- Instructions to follow
Taking the lines below one at a time, count those with the string "container" and give the result alone.

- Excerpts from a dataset
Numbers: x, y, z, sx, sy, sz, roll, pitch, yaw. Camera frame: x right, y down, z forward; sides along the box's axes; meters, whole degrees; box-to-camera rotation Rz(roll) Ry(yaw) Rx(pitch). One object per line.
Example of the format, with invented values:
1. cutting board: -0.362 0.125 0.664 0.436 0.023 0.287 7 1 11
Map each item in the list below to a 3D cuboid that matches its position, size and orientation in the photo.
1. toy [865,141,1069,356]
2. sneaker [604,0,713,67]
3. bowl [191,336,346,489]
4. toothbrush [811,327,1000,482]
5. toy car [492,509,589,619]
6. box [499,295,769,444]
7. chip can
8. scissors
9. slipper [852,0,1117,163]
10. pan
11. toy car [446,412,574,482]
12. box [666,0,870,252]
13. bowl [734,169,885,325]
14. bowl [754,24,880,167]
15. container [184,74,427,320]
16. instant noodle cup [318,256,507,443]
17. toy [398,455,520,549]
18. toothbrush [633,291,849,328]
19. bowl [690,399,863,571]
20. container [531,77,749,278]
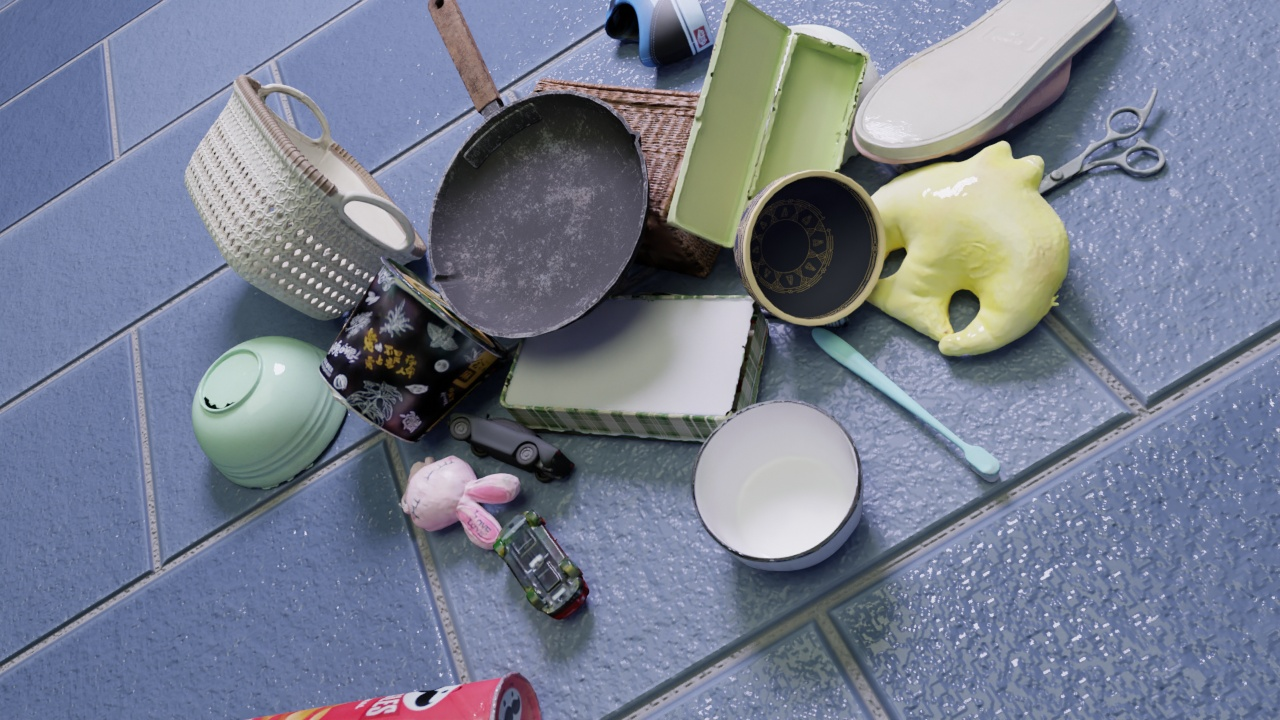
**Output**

- Solution for this task
2